There were heated exchanges at Wednesday’s meeting.

Petrus Sitho, a farm safety activist and a guest of the joint committee, spoke passionately about the impact of crime on farmers and farm workers.

“We are on the ground, where there are farm attacks, where there is stock theft,” he said. In some cases, he interviewed those affected by crimes before police officers did.

He made it clear that he did not want to create any divisions through his stance on farm attacks. “We don’t need those that say they are going to kill the white farmers, including their dogs,” Sitho said.

“If I were president, I’d make sure I arrest them.”

Priority crime plus ‘commandos’ plea

Sitho implored Mchunu for the return of the “security commandos” – an apparent reference to former commando units, involved in rural safety, that were phased out in 2003 (that year, the Mail & Guardian described commando units as “a paramilitary force that was part of the apartheid state’s security apparatus”).

Kallie Roux, referring to a petition he delivered with Sitho, said that attacks on farmers were “attacks on our rural communities”. 

“Farm attacks must be classified as priority crimes,” he said, explaining that this could result in more resources for dealing with such lawbreaking.

Reacting to Sitho and Roux’s presentation, Mazwi Blose of the Economic Freedom Fighters described it as “horrible” and out of touch with crime statistics.

He said Sitho appeared to have become excited at being in a meeting with Mchunu.
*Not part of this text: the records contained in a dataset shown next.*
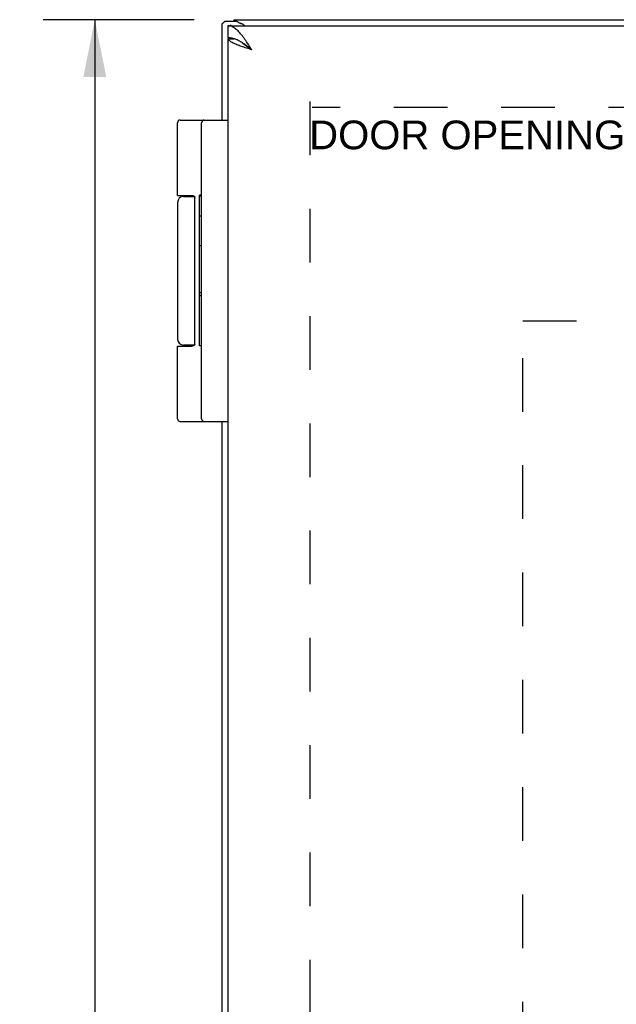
# Model space of a CAD drawing. Header units: inches. Extents: x 0 to 48.6, y 0 to 31.4.
# Tile 6 of 12: x 5.4 to 8.3, y 16.9 to 21.8. Entities that reach past the tile are written whole.
import ezdxf

# ---------------------------------------------------------------- set-up
doc = ezdxf.new("R2010")
doc.units = ezdxf.units.IN
doc.header["$LTSCALE"] = 2.671429
doc.header["$MEASUREMENT"] = 0
doc.linetypes.add('HIDDEN', pattern=[0.2, 0.1, -0.1])
doc.layers.get('0').update_dxf_attribs({"linetype": 'CONTINUOUS'})
for name, color, linetype in [('02___PRT_ALL_AXES', 7, 'CONTINUOUS'), ('DEFAULT_2', 8, 'HIDDEN'), ('DIMENSIONS', 7, 'CONTINUOUS')]:
    doc.layers.add(name, color=color, linetype=linetype)
doc.styles.get("Standard").update_dxf_attribs({"font": 'arial.ttf'})
doc.dimstyles.new('DIMSTYLE_1', dxfattribs={"dimtxt": 0.214286, "dimasz": 0.285714, "dimexe": 0.09, "dimexo": 0.07, "dimgap": 0.0375, "dimtad": 0, "dimtih": 1, "dimtoh": 1, "dimzin": 4, "dimdsep": 46, "dimtxsty": 'Standard', "dimblk": '_FILLED', "dimblk1": '_FILLED', "dimblk2": '_FILLED', "dimcen": 0.09, "dimazin": 1, "dimtfac": 1, "dimtofl": 0, "dimtmove": 0, "dimatfit": 3, "dimldrblk": '_FILLED', "dimfxl": 0, "dimtolj": 1, "dimtzin": 4, "dimarcsym": 0})

# ---------------------------------------------------------------- blocks, each defined once
blk = doc.blocks.new('_FILLED')
at = {"color": 0, "linetype": 'ByBlock'}
blk.add_solid([(0, 0), (-1, 0.2), (-1, -0.2)], dxfattribs=at)
blk = doc.blocks.new('*D6')
at = {"layer": 'DIMENSIONS', "color": 2, "linetype": 'Continuous'}
for p, q in [((6.2332, 21.7906), (5.4816, 21.7906)), ((5.7387, 21.7906), (5.7387, 16.0049)), ((5.7387, 9.7906), (5.7387, 15.5763)), ((6.2332, 9.7906), (5.4816, 9.7906))]:
    blk.add_line(p, q, dxfattribs=at)
at = {"layer": 'DIMENSIONS', "color": 2, "linetype": 'Continuous', "xscale": 0.2857142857, "yscale": 0.2857142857, "zscale": 0.2857142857}
for p, rotation in [((5.7387, 21.7906), 90), ((5.7387, 9.7906), 270)]:
    blk.add_blockref('_FILLED', p, dxfattribs=dict(at, rotation=rotation))
at = {"layer": 'DIMENSIONS', "color": 2, "linetype": 'Continuous', "insert": (5.7387, 15.8977), "char_height": 0.21429, "width": 0.748805, "attachment_point": 2, "line_spacing_factor": 0.9}
blk.add_mtext('12.00', dxfattribs=at)
blk = doc.blocks.new('*D17')
at = {"layer": 'DIMENSIONS', "color": 2, "linetype": 'Continuous'}
for p, q in [((6.3713, 13.8314), (6.9727, 13.8314)), ((8.3707, 13.8314), (7.7693, 13.8314))]:
    blk.add_line(p, q, dxfattribs=at)
at = {"layer": 'DIMENSIONS', "color": 2, "linetype": 'Continuous', "xscale": 0.2857142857, "yscale": 0.2857142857, "zscale": 0.2857142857, "rotation": 180}
blk.add_blockref('_FILLED', (6.3713, 13.8314), dxfattribs=at)
at = {"layer": 'DIMENSIONS', "color": 2, "linetype": 'Continuous', "xscale": 0.2857142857, "yscale": 0.2857142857, "zscale": 0.2857142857}
blk.add_blockref('_FILLED', (8.3707, 13.8314), dxfattribs=at)
at = {"layer": 'DIMENSIONS', "color": 2, "linetype": 'Continuous', "insert": (7.371, 13.9385), "char_height": 0.21429, "width": 0.582315, "attachment_point": 2, "line_spacing_factor": 0.9}
blk.add_mtext('2.00', dxfattribs=at)
blk = doc.blocks.new('*D19')
at = {"layer": 'DIMENSIONS', "color": 2, "linetype": 'Continuous'}
for p, q in [((11.6161, 21.7906), (11.6161, 21.0049)), ((11.6161, 19.7906), (11.6161, 20.5763))]:
    blk.add_line(p, q, dxfattribs=at)
at = {"layer": 'DIMENSIONS', "color": 2, "linetype": 'Continuous', "xscale": 0.2857142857, "yscale": 0.2857142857, "zscale": 0.2857142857}
for p, rotation in [((11.6161, 21.7906), 90), ((11.6161, 19.7906), 270)]:
    blk.add_blockref('_FILLED', p, dxfattribs=dict(at, rotation=rotation))
at = {"layer": 'DIMENSIONS', "color": 2, "linetype": 'Continuous', "insert": (11.6161, 20.8977), "char_height": 0.21429, "width": 0.582315, "attachment_point": 2, "line_spacing_factor": 0.9}
blk.add_mtext('2.00', dxfattribs=at)

msp = doc.modelspace()

# ---------------------------------------------------------------- linework, layer by layer
at = {"color": 3, "linetype": 'Continuous'}
for p, q in [((6.3713, 21.7702), (6.3713, 21.2906)), ((6.4192, 21.7606), (6.4142, 21.7657)), ((6.4313, 21.7906), (22.3113, 21.7906)), ((6.4008, 21.7606), (22.3408, 21.7606)), ((6.4008, 21.6956), (6.4008, 9.8856)), ((6.4018, 21.6956), (6.4008, 21.6956)), ((6.3713, 19.7906), (6.3713, 11.7906))]:
    msp.add_line(p, q, dxfattribs=at)
at = {"color": 7, "linetype": 'Continuous'}
for p, q in [((6.4408, 21.7823), (6.3903, 21.7823)), ((6.4313, 21.7906), (6.4313, 21.7823)), ((6.4332, 21.7906), (6.4332, 21.7823)), ((6.4008, 21.7606), (6.4008, 21.7006)), ((6.4018, 21.6956), (6.4321, 21.6956)), ((6.1639, 21.2906), (6.4008, 21.2906)), ((6.2708, 19.8036), (6.2708, 21.2776)), ((6.1809, 20.9106), (6.2349, 20.9106)), ((6.2364, 20.1756), (6.2364, 20.9056)), ((6.1509, 20.1656), (6.2208, 20.1656)), ((6.2349, 20.1706), (6.1809, 20.1706)), ((6.1639, 19.7906), (6.4008, 19.7906))]:
    msp.add_line(p, q, dxfattribs=at)
at = {"color": 3, "linetype": 'Continuous'}
for points in [[(6.3713, 21.7702), (6.3713, 21.7702), (6.3714, 21.7702), (6.3714, 21.7702), (6.3716, 21.7702), (6.3717, 21.7702), (6.3719, 21.7703)], [(6.3719, 21.7703), (6.3723, 21.7703), (6.3728, 21.7705), (6.3734, 21.7708), (6.3742, 21.7713), (6.375, 21.7718), (6.3759, 21.7725), (6.3768, 21.7733), (6.3779, 21.7742), (6.379, 21.7752), (6.3802, 21.7764), (6.3814, 21.7776), (6.3827, 21.779)], [(6.3903, 21.7823), (6.3896, 21.7823), (6.3885, 21.7822), (6.3876, 21.782), (6.3866, 21.7817), (6.3857, 21.7813), (6.3849, 21.7808), (6.3841, 21.7803), (6.3833, 21.7797), (6.3827, 21.779)], [(6.4332, 21.7906), (6.4339, 21.7905), (6.4346, 21.7903), (6.4355, 21.7899), (6.4365, 21.7893), (6.4375, 21.7886), (6.4387, 21.7878)], [(6.4387, 21.7878), (6.4398, 21.7869), (6.441, 21.7861), (6.4423, 21.7851), (6.4437, 21.7841), (6.4453, 21.783), (6.4469, 21.7819), (6.4486, 21.7808), (6.4504, 21.7796), (6.4523, 21.7785), (6.4543, 21.7774), (6.4563, 21.7763), (6.4584, 21.7752), (6.4605, 21.7742), (6.4626, 21.7733), (6.4648, 21.7724), (6.4669, 21.7715)], [(6.4858, 21.7606), (6.484, 21.7621), (6.4817, 21.7638), (6.4793, 21.7654), (6.4769, 21.7669), (6.4745, 21.7682), (6.472, 21.7695), (6.4695, 21.7706), (6.4669, 21.7715)], [(6.5208, 21.6406), (6.5165, 21.6473), (6.5122, 21.654), (6.5079, 21.6607), (6.5036, 21.6673), (6.4993, 21.6738), (6.495, 21.6802), (6.4907, 21.6865), (6.4865, 21.6927), (6.4822, 21.6986), (6.4779, 21.7044), (6.4736, 21.71), (6.4693, 21.7154), (6.4651, 21.7205), (6.4608, 21.7254), (6.4565, 21.73), (6.4522, 21.7344), (6.4479, 21.7384), (6.4436, 21.7422), (6.4393, 21.7456), (6.435, 21.7487), (6.4308, 21.7514), (6.4265, 21.7538), (6.4222, 21.7559), (6.4179, 21.7576), (6.4136, 21.7589), (6.4093, 21.7598), (6.405, 21.7604), (6.4008, 21.7606)], [(6.5208, 21.6406), (6.5141, 21.6427), (6.5075, 21.6448), (6.5009, 21.6469), (6.4944, 21.649), (6.4879, 21.6512), (6.4816, 21.6533), (6.4754, 21.6554), (6.4693, 21.6575), (6.4634, 21.6596), (6.4576, 21.6617), (6.4521, 21.6638), (6.4467, 21.666), (6.4416, 21.6681), (6.4368, 21.6702), (6.4321, 21.6723), (6.4278, 21.6744), (6.4237, 21.6765), (6.42, 21.6787), (6.4165, 21.6808), (6.4134, 21.6829), (6.4106, 21.685), (6.4081, 21.6871), (6.406, 21.6892), (6.4042, 21.6913), (6.4028, 21.6935), (6.4018, 21.6956)]]:
    msp.add_lwpolyline(points, dxfattribs=at)
at = {"color": 7, "linetype": 'Continuous'}
for points in [[(6.435, 21.6946), (6.4308, 21.696), (6.4265, 21.6972), (6.4222, 21.6982), (6.4179, 21.6991), (6.4136, 21.6997), (6.4093, 21.7002), (6.405, 21.7005), (6.4008, 21.7006)], [(6.4608, 21.683), (6.4565, 21.6853), (6.4522, 21.6875), (6.4479, 21.6895), (6.4436, 21.6914), (6.4393, 21.6931), (6.435, 21.6946)], [(6.4736, 21.6753), (6.4693, 21.678), (6.4651, 21.6806), (6.4608, 21.683)], [(6.5208, 21.6406), (6.5168, 21.6431), (6.5129, 21.6456), (6.509, 21.6481), (6.5052, 21.6506), (6.5015, 21.6531), (6.4978, 21.6556), (6.4942, 21.6581), (6.4908, 21.6606), (6.4874, 21.6631), (6.4842, 21.6656), (6.4812, 21.6681), (6.4783, 21.6706), (6.4756, 21.6731), (6.4732, 21.6756), (6.4731, 21.6756)], [(6.5208, 21.6406), (6.5165, 21.6439), (6.5122, 21.6473), (6.5079, 21.6506), (6.5036, 21.6539), (6.4993, 21.6572), (6.495, 21.6604), (6.4907, 21.6635), (6.4865, 21.6666), (6.4822, 21.6696), (6.4779, 21.6725), (6.4736, 21.6753)], [(6.1509, 20.9156), (6.2208, 20.9156), (6.2214, 20.9156), (6.222, 20.9156), (6.2226, 20.9155), (6.2231, 20.9155), (6.2237, 20.9155), (6.2242, 20.9154), (6.2247, 20.9154), (6.2252, 20.9153), (6.2256, 20.9153), (6.2261, 20.9152), (6.2265, 20.9151), (6.2269, 20.9151), (6.2273, 20.915), (6.2276, 20.9149), (6.228, 20.9148), (6.2283, 20.9148), (6.2287, 20.9147), (6.229, 20.9146), (6.2293, 20.9145), (6.2296, 20.9144), (6.2298, 20.9143), (6.2301, 20.9142), (6.2304, 20.9141), (6.2306, 20.914), (6.2308, 20.9139), (6.2311, 20.9138), (6.2313, 20.9136), (6.2315, 20.9135), (6.2317, 20.9134), (6.2319, 20.9133), (6.2321, 20.9132), (6.2323, 20.9131), (6.2325, 20.913), (6.2326, 20.9128), (6.2328, 20.9127), (6.2329, 20.9126), (6.2331, 20.9125), (6.2332, 20.9124), (6.2334, 20.9122), (6.2335, 20.9121), (6.2337, 20.912), (6.2338, 20.9119), (6.2339, 20.9117), (6.234, 20.9116), (6.2341, 20.9115), (6.2343, 20.9114), (6.2344, 20.9113), (6.2345, 20.9111), (6.2346, 20.911), (6.2347, 20.9109), (6.2347, 20.9108), (6.2348, 20.9106), (6.2349, 20.9105), (6.235, 20.9104), (6.2351, 20.9103), (6.2351, 20.9102), (6.2352, 20.91), (6.2353, 20.9099), (6.2354, 20.9098), (6.2354, 20.9097), (6.2355, 20.9096), (6.2355, 20.9094), (6.2356, 20.9093), (6.2356, 20.9092), (6.2357, 20.9091), (6.2358, 20.909), (6.2358, 20.9089), (6.2358, 20.9087), (6.2359, 20.9086), (6.2359, 20.9085), (6.236, 20.9084), (6.236, 20.9083), (6.236, 20.9082), (6.2361, 20.9081), (6.2361, 20.908), (6.2361, 20.9078), (6.2362, 20.9077), (6.2362, 20.9076), (6.2362, 20.9075), (6.2362, 20.9074), (6.2363, 20.9073), (6.2363, 20.9072), (6.2363, 20.9071), (6.2363, 20.907), (6.2363, 20.9069), (6.2364, 20.9068), (6.2364, 20.9066), (6.2364, 20.9065), (6.2364, 20.9064), (6.2364, 20.9063), (6.2364, 20.9062), (6.2364, 20.9061), (6.2364, 20.906), (6.2364, 20.9059), (6.2364, 20.9058), (6.2364, 20.9057), (6.2364, 20.9056)], [(6.2364, 20.1756), (6.2364, 20.1755), (6.2364, 20.1754), (6.2364, 20.1753), (6.2364, 20.1752), (6.2364, 20.175), (6.2364, 20.1749), (6.2364, 20.1748), (6.2364, 20.1747), (6.2364, 20.1746), (6.2364, 20.1745), (6.2364, 20.1744), (6.2363, 20.1743), (6.2363, 20.1742), (6.2363, 20.1741), (6.2363, 20.174), (6.2363, 20.1739), (6.2362, 20.1738), (6.2362, 20.1736), (6.2362, 20.1735), (6.2362, 20.1734), (6.2361, 20.1733), (6.2361, 20.1732), (6.2361, 20.1731), (6.236, 20.173), (6.236, 20.1729), (6.236, 20.1728), (6.2359, 20.1726), (6.2359, 20.1725), (6.2358, 20.1724), (6.2358, 20.1723), (6.2358, 20.1722), (6.2357, 20.1721), (6.2356, 20.1719), (6.2356, 20.1718), (6.2355, 20.1717), (6.2355, 20.1716), (6.2354, 20.1715), (6.2354, 20.1714), (6.2353, 20.1712), (6.2352, 20.1711), (6.2351, 20.171), (6.2351, 20.1709), (6.235, 20.1708), (6.2349, 20.1706), (6.2348, 20.1705), (6.2347, 20.1704), (6.2347, 20.1703), (6.2346, 20.1702), (6.2345, 20.17), (6.2344, 20.1699), (6.2343, 20.1698), (6.2341, 20.1697), (6.234, 20.1695), (6.2339, 20.1694), (6.2338, 20.1693), (6.2337, 20.1692), (6.2335, 20.169), (6.2334, 20.1689), (6.2332, 20.1688), (6.2331, 20.1687), (6.2329, 20.1686), (6.2328, 20.1684), (6.2326, 20.1683), (6.2325, 20.1682), (6.2323, 20.1681), (6.2321, 20.168), (6.2319, 20.1679), (6.2317, 20.1677), (6.2315, 20.1676), (6.2313, 20.1675), (6.2311, 20.1674), (6.2308, 20.1673), (6.2306, 20.1672), (6.2304, 20.1671), (6.2301, 20.167), (6.2298, 20.1669), (6.2296, 20.1668), (6.2293, 20.1667), (6.229, 20.1666), (6.2287, 20.1665), (6.2283, 20.1664), (6.228, 20.1663), (6.2276, 20.1662), (6.2273, 20.1662), (6.2269, 20.1661), (6.2265, 20.166), (6.2261, 20.1659), (6.2256, 20.1659), (6.2252, 20.1658), (6.2247, 20.1658), (6.2242, 20.1657), (6.2237, 20.1657), (6.2231, 20.1657), (6.2226, 20.1656), (6.222, 20.1656), (6.2214, 20.1656), (6.2208, 20.1656)]]:
    msp.add_lwpolyline(points, dxfattribs=at)
for centre, radius, start, end in [((6.1639, 21.2776), 0.013, 90, 180), ((6.2838, 21.2776), 0.013, 90, 180), ((6.1809, 20.8806), 0.03, 90, 180), ((6.1809, 20.2006), 0.03, 180, 270), ((6.1639, 19.8036), 0.013, 180, 270), ((6.2838, 19.8036), 0.013, 180, 270)]:
    msp.add_arc(centre, radius, start, end, dxfattribs=at)
at = {"layer": '02___PRT_ALL_AXES', "color": 7, "linetype": 'Continuous'}
for p, q in [((6.1509, 20.9156), (6.1509, 21.2776)), ((6.2304, 20.914), (6.2304, 20.9106)), ((6.2608, 20.1674), (6.2608, 20.9166)), ((6.2708, 20.9166), (6.2608, 20.9166)), ((6.2708, 20.9112), (6.2608, 20.9112)), ((6.1509, 20.8806), (6.1509, 20.2006)), ((6.2708, 20.8132), (6.2608, 20.8132)), ((6.2708, 20.6652), (6.2608, 20.6652)), ((6.2708, 20.4301), (6.2608, 20.4301)), ((6.2708, 20.4157), (6.2608, 20.4157)), ((6.1509, 19.8036), (6.1509, 20.1656)), ((6.2304, 20.1706), (6.2304, 20.1671)), ((6.2708, 20.1674), (6.2608, 20.1674))]:
    msp.add_line(p, q, dxfattribs=at)
at = {"layer": 'DEFAULT_2', "color": 8, "linetype": 'HIDDEN'}
for p, q in [((6.809, 21.3839), (6.809, 10.1972)), ((21.9216, 21.3529), (6.821, 21.3529)), ((7.8707, 11.2906), (7.8707, 20.2906)), ((7.8707, 20.2906), (20.2457, 20.2906))]:
    msp.add_line(p, q, dxfattribs=at)

# ---------------------------------------------------------------- texts
at = {"layer": 'DIMENSIONS', "color": 2, "linetype": 'Continuous', "insert": (7.5937, 21.2884), "char_height": 0.142857, "width": 1.57196, "attachment_point": 2, "line_spacing_factor": 0.9}
msp.add_mtext('DOOR OPENING', dxfattribs=at)

# ---------------------------------------------------------------- dimensions: what is measured, and where the dimension line sits
at = {"layer": 'DIMENSIONS', "color": 2, "linetype": 'Continuous'}
for base, p1, p2, angle, picture, middle in [((5.7387, 9.7906), (6.3032, 21.7906), (6.3032, 9.7906), 270, '*D6', (5.7478, 15.7894)), ((6.3713, 13.8314), (8.3707, 11.7906), (6.3713, 21.7823), 180, '*D17', (7.3683, 13.8302)), ((11.6161, 19.7906), (6.4332, 21.7906), (8.3707, 19.7906), 270, '*D19', (11.6134, 20.7894))]:
    dim = msp.add_linear_dim(base=base, p1=p1, p2=p2, angle=angle, dimstyle='DIMSTYLE_1', dxfattribs=at)
    dim.commit()
    dim.dimension.update_dxf_attribs({"geometry": picture, "text_midpoint": middle, "dimtype": 160})

doc.saveas('drawing.dxf')

Sitho told Blose, “You can’t say that. You don’t know me.”

Blose said Mchunu should perhaps give Sitho a copy of Frantz Fanon’s book, Black Skin, White Masks.

‘Cruelty across racial lines’

The DA’s Ian Cameron, chairperson of the portfolio committee on police, concluded the meeting, saying it was important to understand how different crimes affected different communities, without detracting from the value of someone’s life.

“I find it worrying to hear a narrative where some think that someone’s life might be worth more because of the colour of their skin or because of their cultural background,” he said.

“That’s not the point.”

He found it “discouraging to hear the constant reference to race” at Wednesday’s meeting. “The cruelty of farm attacks in South Africa is across racial lines and is horrific. I’ve been on the scenes, I’ve been on many of them, in fact, and worked with it a long time.”

Cameron was previously an AfriForum member and in that capacity had spoken out about farm murders in South Africa, even talking about the issue to Australian media.

Missing farmer murdered

Meanwhile, during Wednesday’s meeting, a specific farmer’s murder was repeatedly mentioned, emphasising the grim realities.

David Netshilaphala, 62, went missing after realising three of his cattle were gone when he went to check on the animals on 27 February 2025 in Xikundu Village, Limpopo.

police statement said residents had subsequently begun to set alight the homes of individuals they believed to be responsible for Netshilaphala’s disappearance.

“Six houses were burnt and one person from the community was arrested and charged with arson,” the police statement said.

Farmers provided police with information about the potential suspects and on 10 March, two were arrested for murder and stock theft.

“The suspects led the police to a crime scene where they dumped the body believed to be [that] of the missing person,” the statement said.